Hon. Lloyd Selby, Corydon
One of the most successful business men and prominent citizens of Wayne county, Iowa, is Lloyd Selby, a merchant in Corydon since 1856. He was born in Licking county, Ohio, on the 26th of November, 1833, and comes from an old Maryland family. His father, John Selby, a mechanic in his younger years, is living with his son in Corydon, and is now in his eightieth year. The mother of Lloyd was Clarinda Herrick, whose father died in Janesville, Wisconsin, a few years ago, aged ninity-three years.

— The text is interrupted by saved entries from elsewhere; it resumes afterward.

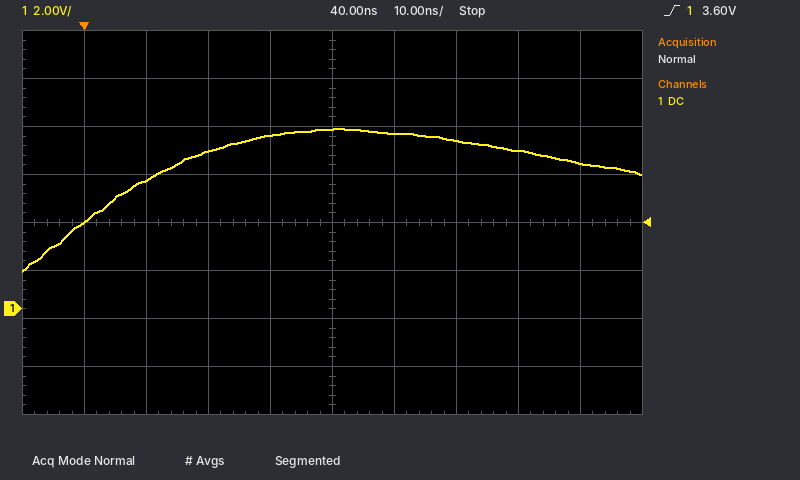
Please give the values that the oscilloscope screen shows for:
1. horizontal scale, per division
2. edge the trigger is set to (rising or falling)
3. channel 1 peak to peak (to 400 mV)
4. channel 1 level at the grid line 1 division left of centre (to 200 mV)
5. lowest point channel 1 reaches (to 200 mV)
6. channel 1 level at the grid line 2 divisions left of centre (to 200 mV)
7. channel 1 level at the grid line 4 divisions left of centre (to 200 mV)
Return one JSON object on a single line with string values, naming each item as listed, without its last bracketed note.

{"horizontal scale, per division": "10 ns", "edge the trigger is set to": "rising", "channel 1 peak to peak": "6.0 V", "channel 1 level at the grid line 1 division left of centre": "7.2 V", "lowest point channel 1 reaches": "1.6 V", "channel 1 level at the grid line 2 divisions left of centre": "6.6 V", "channel 1 level at the grid line 4 divisions left of centre": "3.6 V"}
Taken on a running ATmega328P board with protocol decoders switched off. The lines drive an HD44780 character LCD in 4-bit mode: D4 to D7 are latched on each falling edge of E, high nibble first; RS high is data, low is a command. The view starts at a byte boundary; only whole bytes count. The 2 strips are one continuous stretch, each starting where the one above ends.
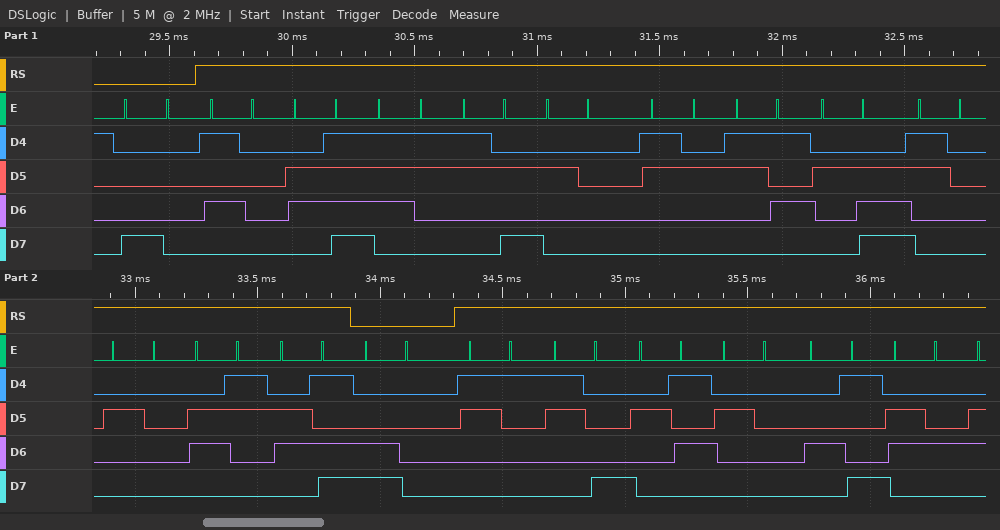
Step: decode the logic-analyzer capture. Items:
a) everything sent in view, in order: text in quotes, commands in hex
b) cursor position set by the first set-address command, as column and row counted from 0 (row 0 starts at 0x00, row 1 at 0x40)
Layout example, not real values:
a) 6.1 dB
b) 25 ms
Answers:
a) 0x80 "Pos: 25.0 cm" 0xC0 "18% Id"
b) column 0, row 0
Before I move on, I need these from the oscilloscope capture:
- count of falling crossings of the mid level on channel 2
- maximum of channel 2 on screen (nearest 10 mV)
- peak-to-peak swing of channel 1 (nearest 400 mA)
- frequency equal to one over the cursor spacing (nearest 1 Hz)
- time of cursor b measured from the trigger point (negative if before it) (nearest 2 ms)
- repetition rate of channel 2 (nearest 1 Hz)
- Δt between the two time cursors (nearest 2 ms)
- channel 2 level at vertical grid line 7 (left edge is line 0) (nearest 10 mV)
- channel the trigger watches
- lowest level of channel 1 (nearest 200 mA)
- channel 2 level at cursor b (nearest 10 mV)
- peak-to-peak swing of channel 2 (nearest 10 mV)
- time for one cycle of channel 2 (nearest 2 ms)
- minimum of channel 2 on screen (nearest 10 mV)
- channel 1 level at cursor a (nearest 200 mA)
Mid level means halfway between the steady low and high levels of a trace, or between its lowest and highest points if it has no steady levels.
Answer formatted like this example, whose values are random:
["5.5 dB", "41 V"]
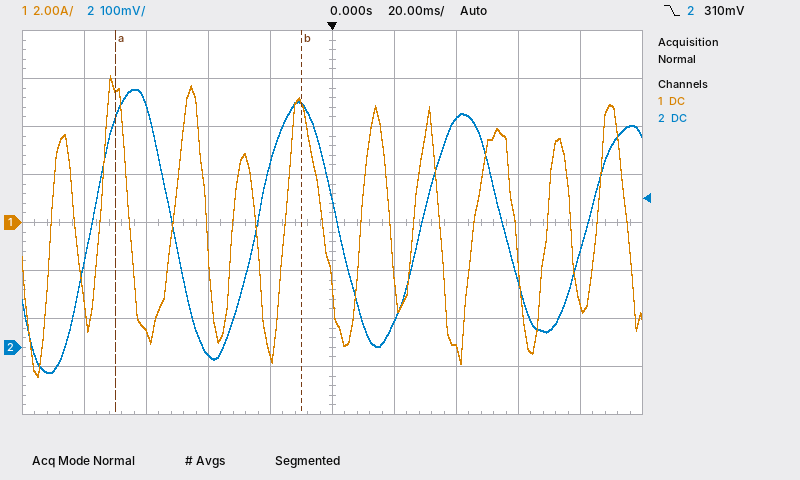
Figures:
["3", "540 mV", "12.4 A", "17 Hz", "-10 ms", "19 Hz", "60 ms", "480 mV", "channel 2", "-6.4 A", "510 mV", "590 mV", "54 ms", "-50 mV", "5.6 A"]
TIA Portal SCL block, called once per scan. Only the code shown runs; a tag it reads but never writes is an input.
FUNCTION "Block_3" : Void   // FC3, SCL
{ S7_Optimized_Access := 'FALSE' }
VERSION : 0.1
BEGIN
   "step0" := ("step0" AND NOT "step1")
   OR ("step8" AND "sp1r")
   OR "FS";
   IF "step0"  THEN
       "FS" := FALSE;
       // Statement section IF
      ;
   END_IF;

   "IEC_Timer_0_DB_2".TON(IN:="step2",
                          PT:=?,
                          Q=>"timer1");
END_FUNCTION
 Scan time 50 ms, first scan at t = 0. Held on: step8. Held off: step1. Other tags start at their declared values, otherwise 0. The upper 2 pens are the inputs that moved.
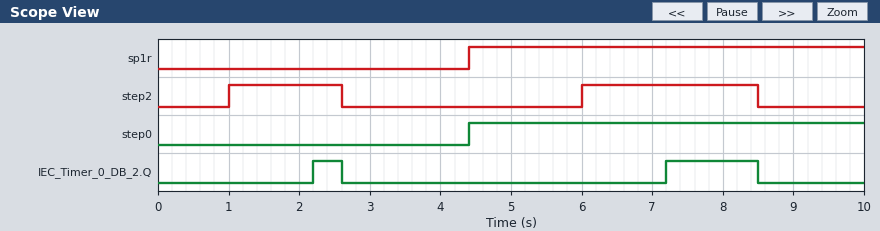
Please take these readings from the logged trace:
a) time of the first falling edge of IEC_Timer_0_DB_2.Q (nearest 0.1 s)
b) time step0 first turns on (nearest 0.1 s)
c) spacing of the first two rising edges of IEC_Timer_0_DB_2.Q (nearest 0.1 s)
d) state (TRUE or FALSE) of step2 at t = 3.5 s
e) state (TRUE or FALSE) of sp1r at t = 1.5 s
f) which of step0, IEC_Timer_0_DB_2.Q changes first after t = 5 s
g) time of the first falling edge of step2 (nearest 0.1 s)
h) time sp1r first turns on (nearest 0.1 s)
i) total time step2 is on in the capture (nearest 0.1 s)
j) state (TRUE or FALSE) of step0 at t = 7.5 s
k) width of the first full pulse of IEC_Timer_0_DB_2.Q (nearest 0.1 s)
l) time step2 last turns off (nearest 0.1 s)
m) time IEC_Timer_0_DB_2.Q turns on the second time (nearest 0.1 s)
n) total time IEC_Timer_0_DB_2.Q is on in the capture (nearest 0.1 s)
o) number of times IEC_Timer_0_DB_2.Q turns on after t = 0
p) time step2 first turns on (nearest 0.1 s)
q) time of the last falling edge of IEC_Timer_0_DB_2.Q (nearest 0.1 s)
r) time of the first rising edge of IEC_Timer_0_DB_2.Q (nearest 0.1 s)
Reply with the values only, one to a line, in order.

2.6 s
4.4 s
5.0 s
FALSE
FALSE
IEC_Timer_0_DB_2.Q
2.6 s
4.4 s
4.1 s
TRUE
0.4 s
8.5 s
7.2 s
1.7 s
2
1.0 s
8.5 s
2.2 s
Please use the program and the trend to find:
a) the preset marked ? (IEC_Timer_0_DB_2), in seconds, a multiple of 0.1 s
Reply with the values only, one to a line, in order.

1.2 s
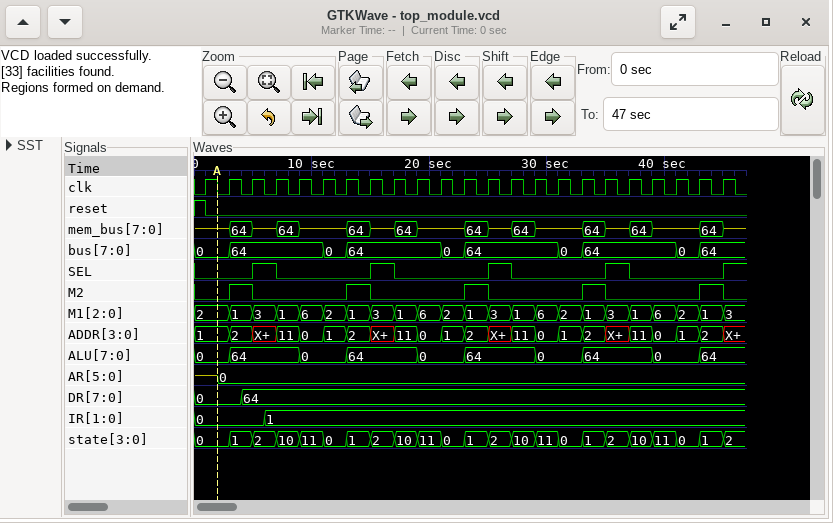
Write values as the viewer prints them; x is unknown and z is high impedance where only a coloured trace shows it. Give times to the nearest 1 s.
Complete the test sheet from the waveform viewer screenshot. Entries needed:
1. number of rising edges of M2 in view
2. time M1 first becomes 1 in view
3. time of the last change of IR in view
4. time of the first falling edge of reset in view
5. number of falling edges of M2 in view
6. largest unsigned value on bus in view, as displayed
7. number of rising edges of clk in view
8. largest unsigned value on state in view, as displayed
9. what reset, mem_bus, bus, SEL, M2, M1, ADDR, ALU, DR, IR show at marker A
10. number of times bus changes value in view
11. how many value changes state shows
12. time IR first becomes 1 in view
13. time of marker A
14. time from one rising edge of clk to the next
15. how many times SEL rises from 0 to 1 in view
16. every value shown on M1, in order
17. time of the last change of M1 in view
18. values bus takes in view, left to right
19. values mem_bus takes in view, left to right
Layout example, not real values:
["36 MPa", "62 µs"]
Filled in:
["5", "3 s", "6 s", "1 s", "5", "64", "23", "11", "reset=0, mem_bus=z, bus=0, SEL=0, M2=0, M1=2, ADDR=1, ALU=0, DR=0, IR=0", "9", "22", "6 s", "2 s", "2 s", "5", "2, 1, 3, 1, 6, 2, 1, 3, 1, 6, 2, 1, 3, 1, 6, 2, 1, 3, 1, 6, 2, 1, 3", "45 s", "0, 64, 0, 64, 0, 64, 0, 64, 0, 64", "z, 64, z, 64, z, 64, z, 64, z, 64, z, 64, z, 64, z, 64, z, 64, z"]

Lloyd had a very ordinary common-school education. At fourteen he was employed in a store at Johnstown, and he was made the commercial business his life-work. When of age he left Licking county, came to Corydon, Iowa, and has here been in trade twenty-two years. He has carried on farming and stock-raising by proxy while merchandising, and is no doubt the best business man in this vicinity. He has three well improved farms in Wayne county, others in the states of Missouri and Kansas, and is a heavy stockholder in the Wayne County Bank, located at Corydon, which is the county seat. He has been its president since its organization in 1875. He has one of the best homesteads in the county, one-fourth of a mile east of the city limits, and is a hospitable, christian gentleman.
Mr. Selby was elected state senator in 1873, to fill the vacancy caused by the resignation of Hon M. Read, and served in the fifteenth general assembly, doing good work on four or five committees. He has been quite active at times in the Corydon school board, and has held other local offices, being a practical, energetic and serviceable citizen, ready for any work that will advance the interests of the town or county.
He is a Royal Arch Mason; a member of the Methodist Episcopal church, and a man or pure and noble qualities of character.
In January, 1862, he was joined in wedlock with Mrs. M. L. Miller, daughter of James May of Pennsylvania, and they have two children.